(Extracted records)
=-=-=
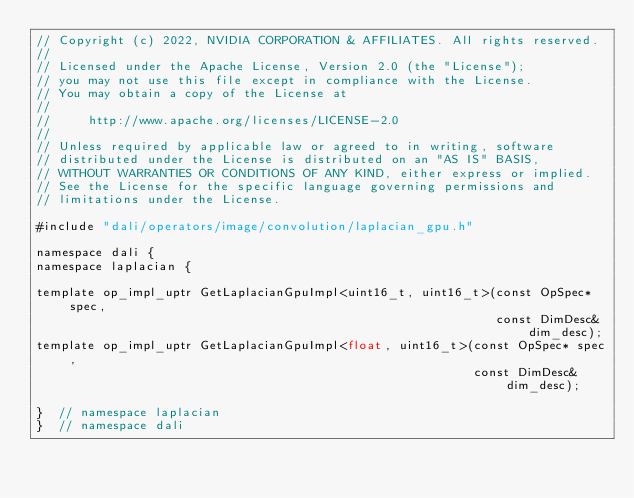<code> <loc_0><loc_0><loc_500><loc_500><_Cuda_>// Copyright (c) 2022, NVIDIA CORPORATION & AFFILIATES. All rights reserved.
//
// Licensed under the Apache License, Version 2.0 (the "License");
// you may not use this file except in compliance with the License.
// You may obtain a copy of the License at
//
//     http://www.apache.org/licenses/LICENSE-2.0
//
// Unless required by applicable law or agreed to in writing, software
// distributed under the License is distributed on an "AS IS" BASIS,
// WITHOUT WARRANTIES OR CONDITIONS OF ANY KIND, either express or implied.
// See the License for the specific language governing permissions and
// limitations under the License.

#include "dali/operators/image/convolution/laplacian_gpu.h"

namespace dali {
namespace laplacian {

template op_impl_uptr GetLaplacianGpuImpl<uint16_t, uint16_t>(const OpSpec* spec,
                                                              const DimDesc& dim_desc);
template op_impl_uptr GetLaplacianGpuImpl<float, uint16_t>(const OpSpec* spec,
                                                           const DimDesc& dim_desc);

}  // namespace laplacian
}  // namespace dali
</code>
=-=-=
* WHAT TO DO *
Print each entry exactly, leaving pictures out.

* PROBLEM SOLUTION *
<code> <loc_0><loc_0><loc_500><loc_500><_Cuda_>// Copyright (c) 2022, NVIDIA CORPORATION & AFFILIATES. All rights reserved.
//
// Licensed under the Apache License, Version 2.0 (the "License");
// you may not use this file except in compliance with the License.
// You may obtain a copy of the License at
//
//     http://www.apache.org/licenses/LICENSE-2.0
//
// Unless required by applicable law or agreed to in writing, software
// distributed under the License is distributed on an "AS IS" BASIS,
// WITHOUT WARRANTIES OR CONDITIONS OF ANY KIND, either express or implied.
// See the License for the specific language governing permissions and
// limitations under the License.

#include "dali/operators/image/convolution/laplacian_gpu.h"

namespace dali {
namespace laplacian {

template op_impl_uptr GetLaplacianGpuImpl<uint16_t, uint16_t>(const OpSpec* spec,
                                                              const DimDesc& dim_desc);
template op_impl_uptr GetLaplacianGpuImpl<float, uint16_t>(const OpSpec* spec,
                                                           const DimDesc& dim_desc);

}  // namespace laplacian
}  // namespace dali
</code>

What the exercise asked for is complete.